Regression Alert: Week 7

Adam Harstad's Regression Alert: Week 7 Adam Harstad Published 10/19/2022

Welcome to Regression Alert, your weekly guide to using regression to predict the future with uncanny accuracy.

For those who are new to the feature, here's the deal: every week, I dive into the topic of regression to the mean. Sometimes I'll explain what it really is, why you hear so much about it, and how you can harness its power for yourself. Sometimes I'll give some practical examples of regression at work.

In weeks where I'm giving practical examples, I will select a metric to focus on. I'll rank all players in the league according to that metric and separate the top players into Group A and the bottom players into Group B. I will verify that the players in Group A have outscored the players in Group B to that point in the season. And then I will predict that, by the magic of regression, Group B will outscore Group A going forward.

Crucially, I don't get to pick my samples (other than choosing which metric to focus on). If I'm looking at receivers and Cooper Kupp is one of the top performers in my sample, then Cooper Kupp goes into Group A and may the fantasy gods show mercy on my predictions.

Most importantly, because predictions mean nothing without accountability, I track the results of my predictions over the course of the season and highlight when they prove correct and also when they prove incorrect. At the end of last season, I provided a recap of the first half-decade of Regression Alert's predictions. The executive summary is we have a 32-7 lifetime record, which is an 82% success rate.

If you want even more details here's a list of my predictions from 2020 and their final results. Here's the same list from 2019 and their final results, here's the list from 2018, and here's the list from 2017.


The Scorecard

In Week 2, I broke down what regression to the mean really is, what causes it, how we can benefit from it, and what the guiding philosophy of this column would be.

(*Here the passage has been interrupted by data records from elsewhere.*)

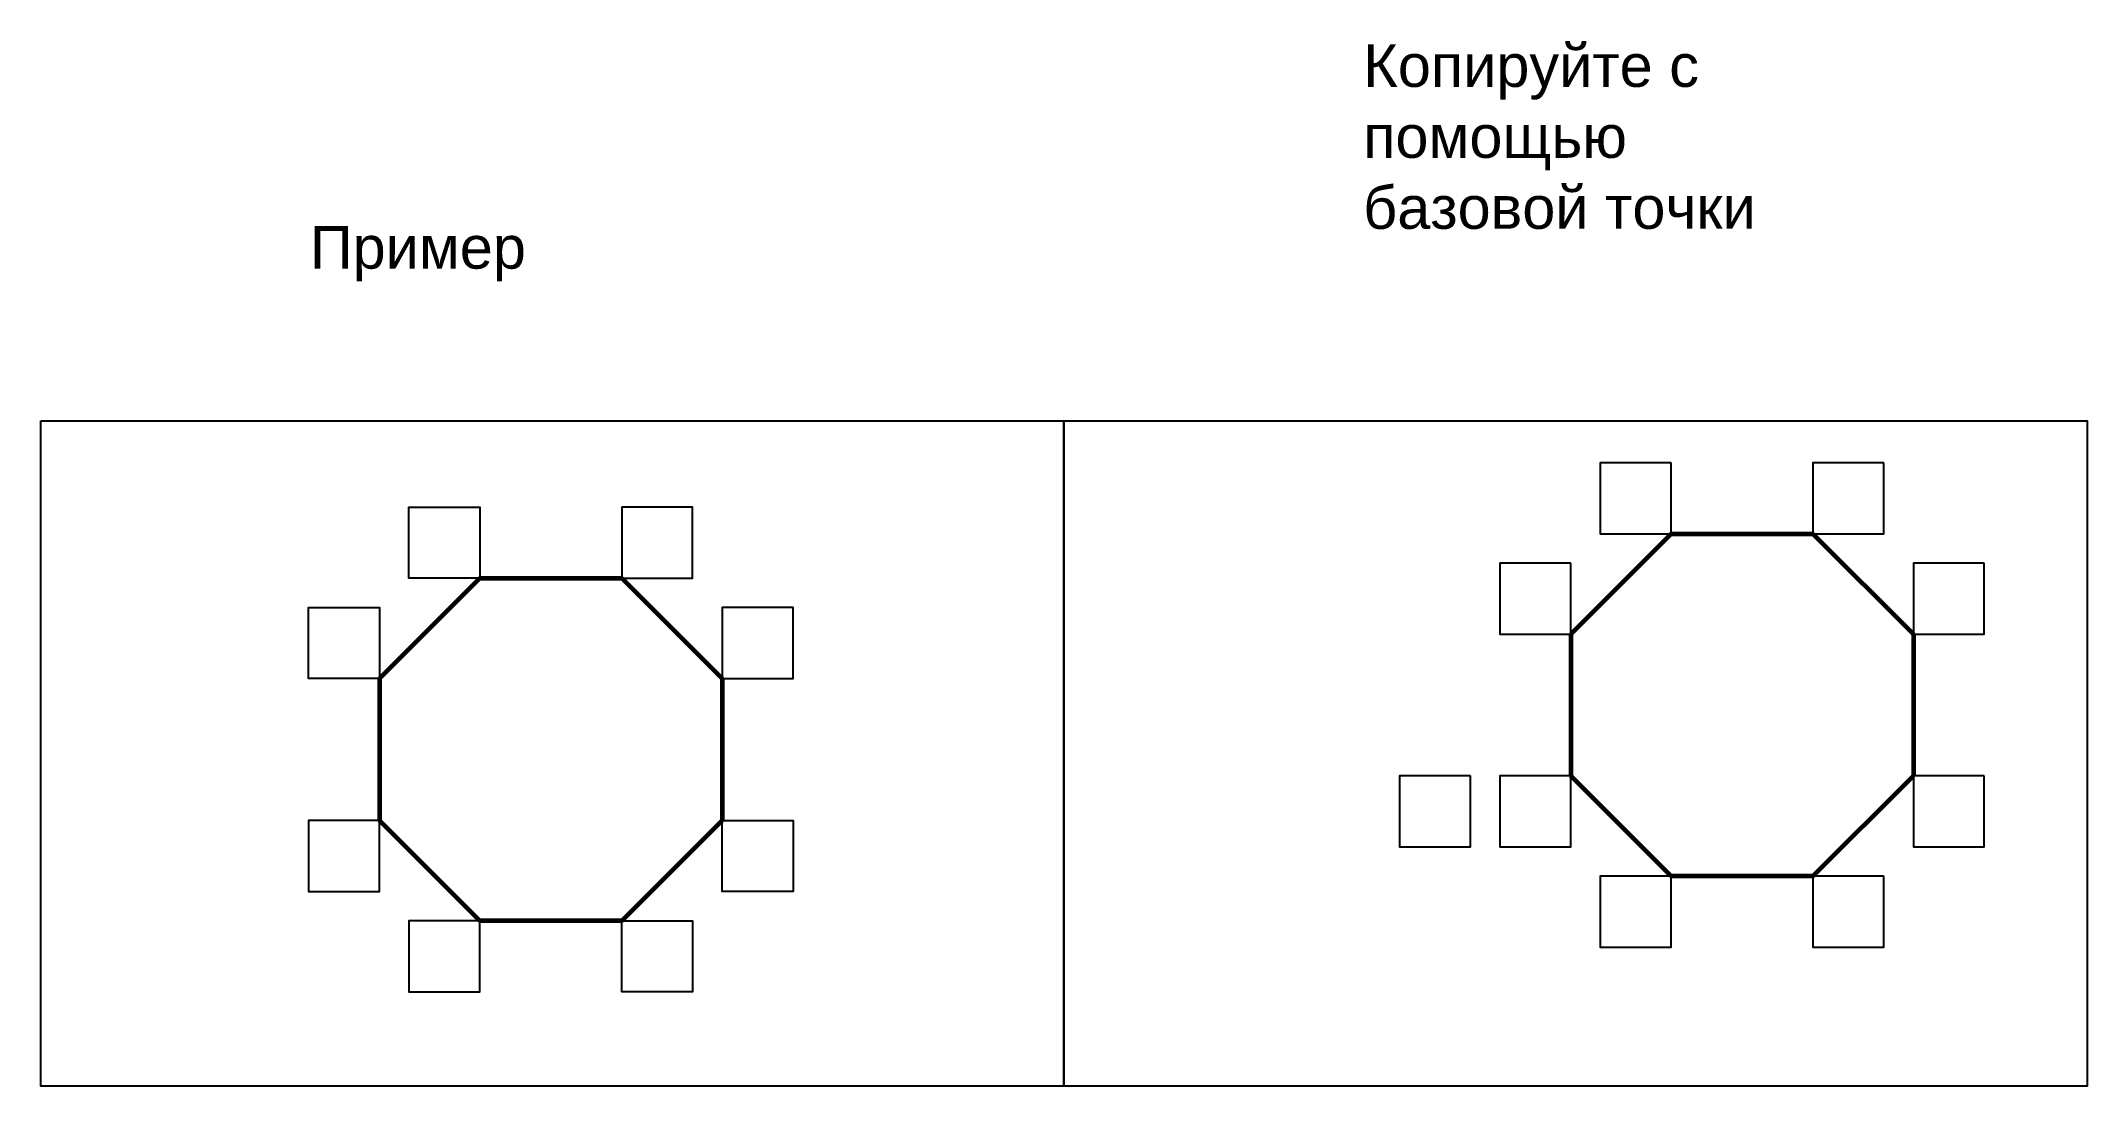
# Model space of a CAD drawing. Header units: millimetres. Extents: x 5285 to 11036, y 30611 to 43931.
# Drawn here: x 9595 to 11036, y 43094 to 43830 of the extents above; entities that cross this region are included whole.
import ezdxf

# ---------------------------------------------------------------- set-up
doc = ezdxf.new("R2010")
doc.units = ezdxf.units.MM
doc.styles.add('ГОСТ 2.304', font='CS_Gost2304.shx')

msp = doc.modelspace()

# ---------------------------------------------------------------- linework, layer by layer
at = {"lineweight": 60, "ltscale": 10}
for p, q in [((10743, 43482.9), (10672.3, 43412.2)), ((10743, 43482.9), (10843, 43482.9)), ((10843, 43482.9), (10913.7, 43412.2)), ((9903.7, 43451.5), (9833, 43380.8)), ((9903.7, 43451.5), (10003.7, 43451.5)), ((10003.7, 43451.5), (10074.4, 43380.8)), ((10672.3, 43412.2), (10672.3, 43312.2)), ((10913.7, 43412.2), (10913.7, 43312.2)), ((9833, 43380.8), (9833, 43280.8)), ((10074.4, 43380.8), (10074.4, 43280.8)), ((10743, 43241.5), (10672.3, 43312.2)), ((10843, 43241.5), (10913.7, 43312.2)), ((9903.7, 43210.1), (9833, 43280.8)), ((10003.7, 43210.1), (10074.4, 43280.8)), ((10843, 43241.5), (10743, 43241.5)), ((10003.7, 43210.1), (9903.7, 43210.1))]:
    msp.add_line(p, q, dxfattribs=at)
at = {"ltscale": 10}
for points in [[(9594.5, 43562.5), (10315.3, 43562.5), (10315.3, 43093.6), (9594.5, 43093.6)], [(10315.3, 43562.5), (11036.1, 43562.5), (11036.1, 43093.6), (10315.3, 43093.6)]]:
    msp.add_lwpolyline(points, close=True, dxfattribs=at)
at = {"color": 1, "ltscale": 10}
for points in [[(10743, 43532.9), (10693, 43532.9), (10693, 43482.9), (10743, 43482.9)], [(10893, 43532.9), (10843, 43532.9), (10843, 43482.9), (10893, 43482.9)], [(9903.7, 43451.5), (9853.7, 43451.5), (9853.7, 43501.5), (9903.7, 43501.5)], [(10003.7, 43451.5), (10053.7, 43451.5), (10053.7, 43501.5), (10003.7, 43501.5)], [(10672.3, 43462.2), (10622.3, 43462.2), (10622.3, 43412.2), (10672.3, 43412.2)], [(10963.7, 43462.2), (10913.7, 43462.2), (10913.7, 43412.2), (10963.7, 43412.2)], [(9833, 43380.8), (9783, 43380.8), (9783, 43430.8), (9833, 43430.8)], [(10074.4, 43380.8), (10124.4, 43380.8), (10124.4, 43430.8), (10074.4, 43430.8)], [(10601.8, 43312.2), (10551.8, 43312.2), (10551.8, 43262.2), (10601.8, 43262.2)], [(10672.3, 43312.2), (10622.3, 43312.2), (10622.3, 43262.2), (10672.3, 43262.2)], [(10963.7, 43312.2), (10913.7, 43312.2), (10913.7, 43262.2), (10963.7, 43262.2)], [(9833, 43280.8), (9783, 43280.8), (9783, 43230.8), (9833, 43230.8)], [(10074.4, 43280.8), (10124.4, 43280.8), (10124.4, 43230.8), (10074.4, 43230.8)], [(10743, 43241.5), (10693, 43241.5), (10693, 43191.5), (10743, 43191.5)], [(10893, 43241.5), (10843, 43241.5), (10843, 43191.5), (10893, 43191.5)], [(9903.7, 43210.1), (9853.7, 43210.1), (9853.7, 43160.1), (9903.7, 43160.1)], [(10003.7, 43210.1), (10053.7, 43210.1), (10053.7, 43160.1), (10003.7, 43160.1)]]:
    msp.add_lwpolyline(points, close=True, dxfattribs=at)

# ---------------------------------------------------------------- texts
at = {"char_height": 30, "width": 323.848, "attachment_point": 1, "style": 'ГОСТ 2.304'}
for s, insert in [('\\P{\\fArial|b0|i0|c0|p34;Копируйте с помощью базовой точки}', (10526.1, 43877.8)), ('{\\fArial|b0|i0|c0|p34;Пример }', (9784, 43699.7))]:
    msp.add_mtext(s, dxfattribs=dict(at, insert=insert))

doc.saveas('drawing.dxf')

No specific prediction was made.

In Week 3, I dove into the reasons why yards per carry is almost entirely noise, shared some research to that effect, and predicted that the sample of backs with lots of carries but a poor per-carry average would outrush the sample with fewer carries but more yards per carry.

In Week 4 I discussed the tendency for touchdowns to follow yards and predicted that players scoring a disproportionately high or low amount relative to their yardage total would see significant regression going forward.

In Week 5, I revisited an old finding that preseason ADP tells us as much about rest-of-year outcomes as fantasy production to date does, even a quarter of the way through a new season. No specific prediction was made.

In Week 6, I explained the concept of "face validity" and taught the "leaderboard test", my favorite quick-and-dirty way to tell how much a statistic is likely to regress. No specific prediction was made.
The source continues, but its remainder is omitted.